Segment Start: DATA PROVIDED
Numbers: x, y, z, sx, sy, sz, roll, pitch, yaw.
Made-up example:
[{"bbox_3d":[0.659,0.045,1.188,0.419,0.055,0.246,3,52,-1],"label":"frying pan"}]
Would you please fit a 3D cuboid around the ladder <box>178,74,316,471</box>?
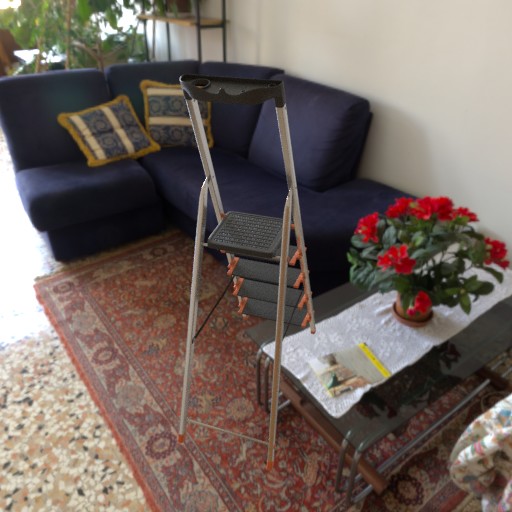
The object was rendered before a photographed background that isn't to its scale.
[{"bbox_3d":[0.000,0.000,2.043,0.480,1.646,0.995,10,34,15],"label":"ladder"}]
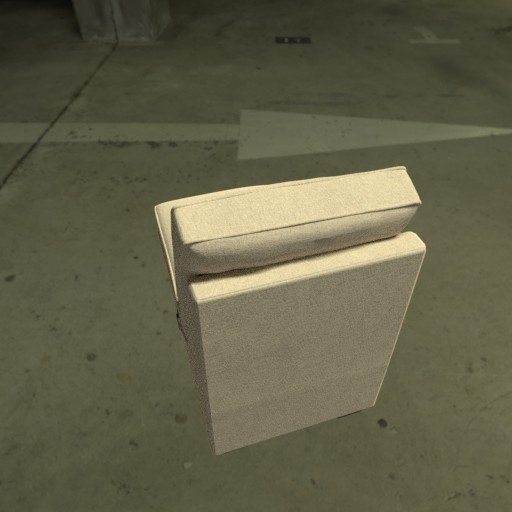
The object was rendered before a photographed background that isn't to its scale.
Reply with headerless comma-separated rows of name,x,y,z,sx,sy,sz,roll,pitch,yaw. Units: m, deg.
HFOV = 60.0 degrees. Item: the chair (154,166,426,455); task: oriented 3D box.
chair,0.000,0.000,1.585,0.621,0.970,0.938,-12,42,-14
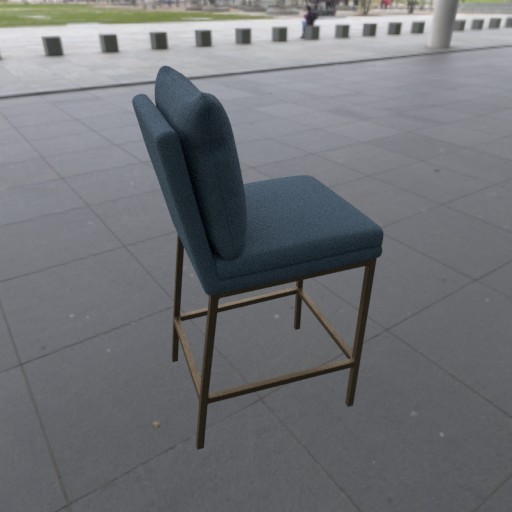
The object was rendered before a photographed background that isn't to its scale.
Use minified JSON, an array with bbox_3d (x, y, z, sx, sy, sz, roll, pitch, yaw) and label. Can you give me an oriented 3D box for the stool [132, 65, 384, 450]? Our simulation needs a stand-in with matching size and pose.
[{"bbox_3d":[0.000,0.000,1.336,0.568,1.032,0.463,-10,32,-17],"label":"stool"}]
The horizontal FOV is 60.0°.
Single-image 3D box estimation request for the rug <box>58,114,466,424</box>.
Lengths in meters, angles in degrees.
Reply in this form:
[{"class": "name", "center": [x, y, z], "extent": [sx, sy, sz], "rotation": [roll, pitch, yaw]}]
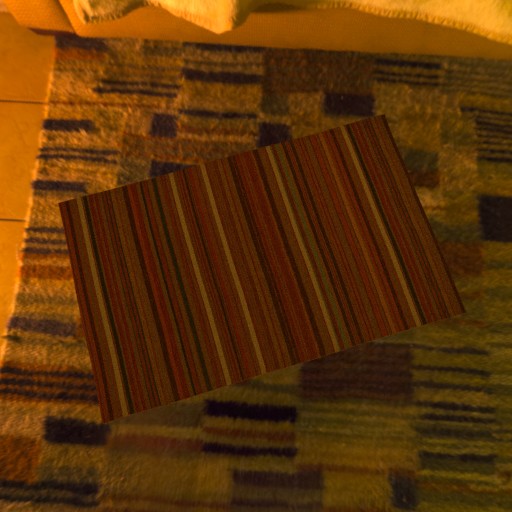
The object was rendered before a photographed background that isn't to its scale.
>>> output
[{"class": "rug", "center": [0.000, 0.000, 3.005], "extent": [2.438, 0.008, 1.523], "rotation": [-16, 77, -4]}]
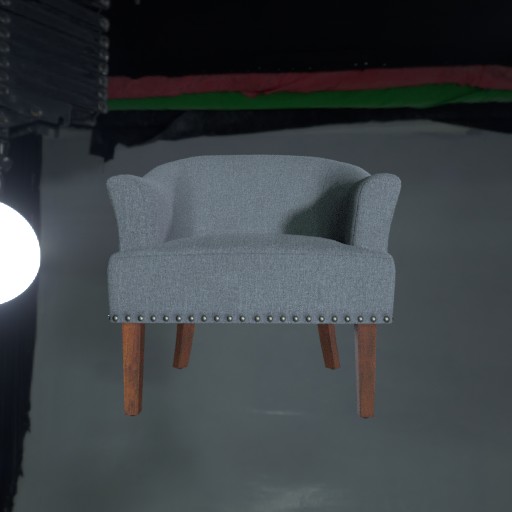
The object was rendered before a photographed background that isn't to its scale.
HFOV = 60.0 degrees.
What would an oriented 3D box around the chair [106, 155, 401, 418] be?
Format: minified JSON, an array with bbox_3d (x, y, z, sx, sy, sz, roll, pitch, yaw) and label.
[{"bbox_3d":[0.000,0.000,1.412,0.798,0.815,0.704,0,-1,2],"label":"chair"}]
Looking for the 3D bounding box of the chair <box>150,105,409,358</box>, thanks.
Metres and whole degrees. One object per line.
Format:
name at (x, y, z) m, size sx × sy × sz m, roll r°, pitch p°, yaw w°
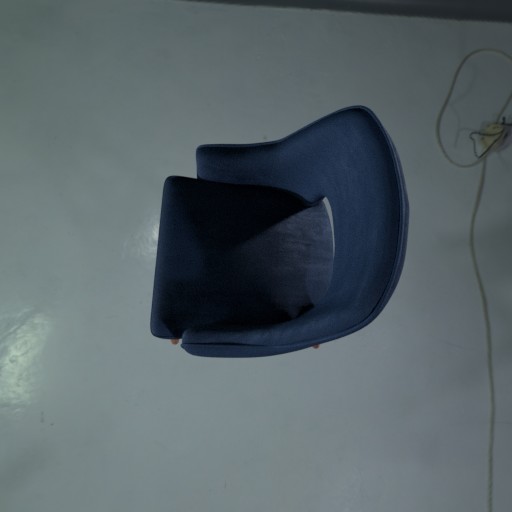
Segment End: DATA PROVIDED
# WHAT THE TASK REQUIRES
A copy of each line above that holds the word "around" is the expected answer.

# TASK SOLUTION
Would you please fit a 3D cuboid around the ladder <box>178,74,316,471</box>?
What would an oriented 3D box around the chair [106, 155, 401, 418] be?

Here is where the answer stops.